1.3.3 Synthèse de l'évolution de la pensée sonore dans les domaines de l'environnement sonore

Nous pouvons voir qu'au fur et à mesure des années les notions et concepts s'affinent se rapprochant de plus en plus d'un mode opératoire propre aux domaines liés à l'aménagement et au design urbain. En effet, sauf la dernière notion de kinesthésie sonore qui permet une application directe et constructible dans l'espace public urbain, les premières ne servent que d'outil d'analyse de l'environnement sonore. Elles ne sont aucunement sujettes à une réflexion menant à un projet architectural ou urbain. Très rares sont aussi les notions qui au niveau méthodologique interrogent directement les usagers dans leur expérience sonore en train de se faire. Déconnectés de l'espace public urbain, les usagers doivent donc faire appel à leur unique mémoire sonore.

Certaines notions et notamment celle de l'identité sonore urbaine, a été complétée et prolongée selon l’objectif de la rendre plus opérationnelle (Atienza, 2008).
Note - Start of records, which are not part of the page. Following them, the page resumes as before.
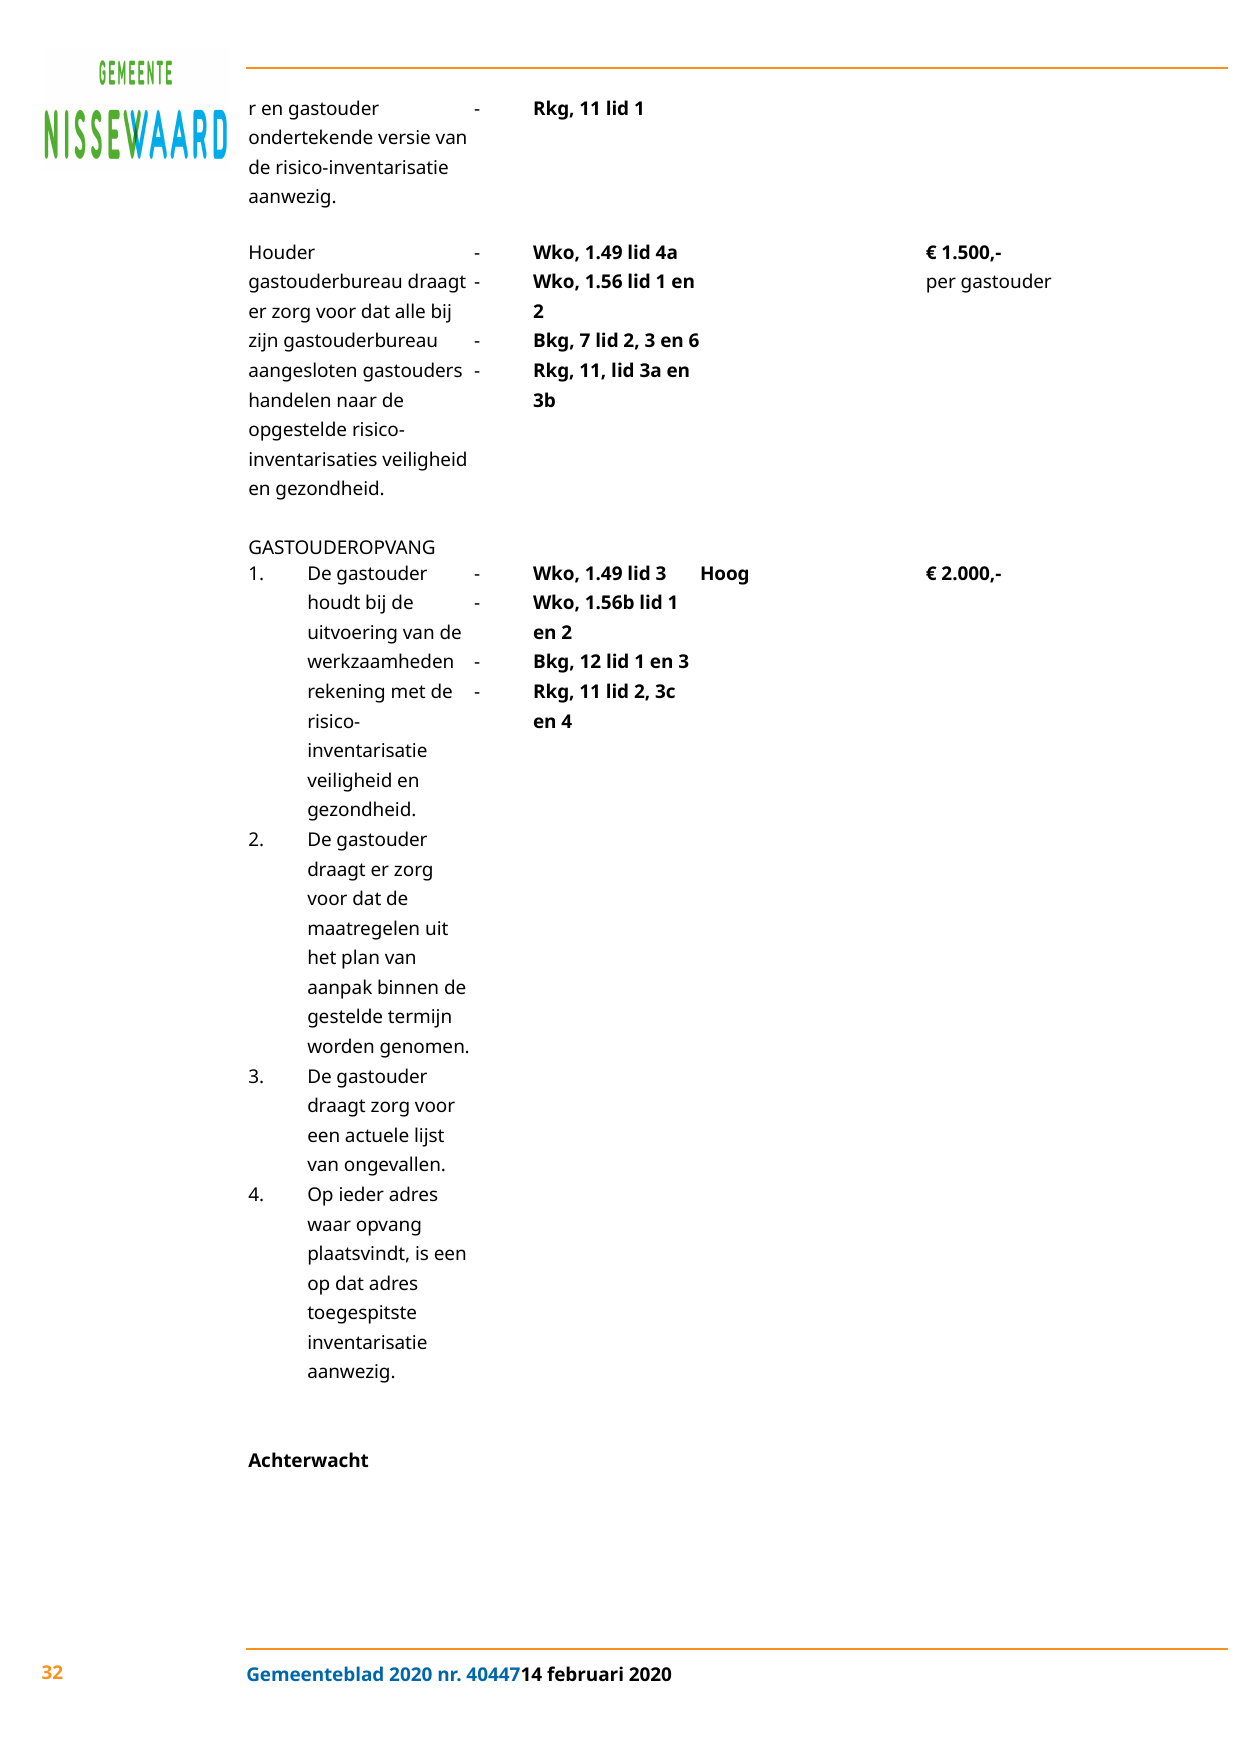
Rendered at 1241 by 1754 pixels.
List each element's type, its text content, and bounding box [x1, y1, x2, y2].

table_cell r en gastouder ondertekende versie van de risico-inventarisatie aanwezig. [248, 95, 474, 239]
table_cell Wko, 1.49 lid 3 Wko, 1.56b lid 1 en 2 Bkg, 12 lid 1 en 3 Rkg, 11 lid 2, 3c en 4 [474, 560, 700, 1414]
table_cell Hoog [700, 560, 926, 1414]
table_cell De gastouder houdt bij de uitvoering van de werkzaamheden rekening met de risico-inventarisatie veiligheid en gezondheid. De gastouder draagt er zorg voor dat de maatregelen uit het plan van aanpak binnen de gestelde termijn worden genomen. De gastouder draagt zorg voor een actuele lijst van ongevallen. Op ieder adres waar opvang plaatsvindt, is een op dat adres toegespitste inventarisatie aanwezig. [248, 560, 474, 1414]
table_header Achterwacht [248, 1447, 1152, 1473]
table_cell Wko, 1.49 lid 4a Wko, 1.56 lid 1 en 2 Bkg, 7 lid 2, 3 en 6 Rkg, 11, lid 3a en 3b [474, 239, 700, 501]
table_cell € 1.500,- per gastouder [926, 239, 1152, 501]
table_header GASTOUDEROPVANG [248, 534, 1152, 560]
table_cell Houder gastouderbureau draagt er zorg voor dat alle bij zijn gastouderbureau aangesloten gastouders handelen naar de opgestelde risico-inventarisaties veiligheid en gezondheid. [248, 239, 474, 501]
picture [41, 47, 231, 172]
table_cell [926, 95, 1152, 239]
table_cell € 2.000,- [926, 560, 1152, 1414]
table_cell Rkg, 11 lid 1 [474, 95, 700, 239]
table_cell [700, 95, 926, 501]

Un modèle intuitif a été conçu afin de décrire sonorement une configuration urbaine. Il est question ici d'un outil de représentation d'un espace sonore issu de l'interprétation empirique de la matière sonore. Il s'agit d'un outil d'aide à la conception, donc toujours dans la virtualité.

Pourtant à la base de tout phénomène sonore, l'usager, auteur, compositeur, interprète et spectateur, n'est que très peu sollicité ou de manière désincarnée, extrait de son expérience sonore du lieu. Seules les expérimentations liées à la notion de kinesthésie sonore interrogent directement l'usager en train de vivre et de faire son expérience sonore de l'espace public urbain. Encore là, de nombreuses limites, identifiées par l'auteur, quant à la méthode et au protocole mis en place ne convainc pas sur une réelle mise en situation d'expérience sonore16.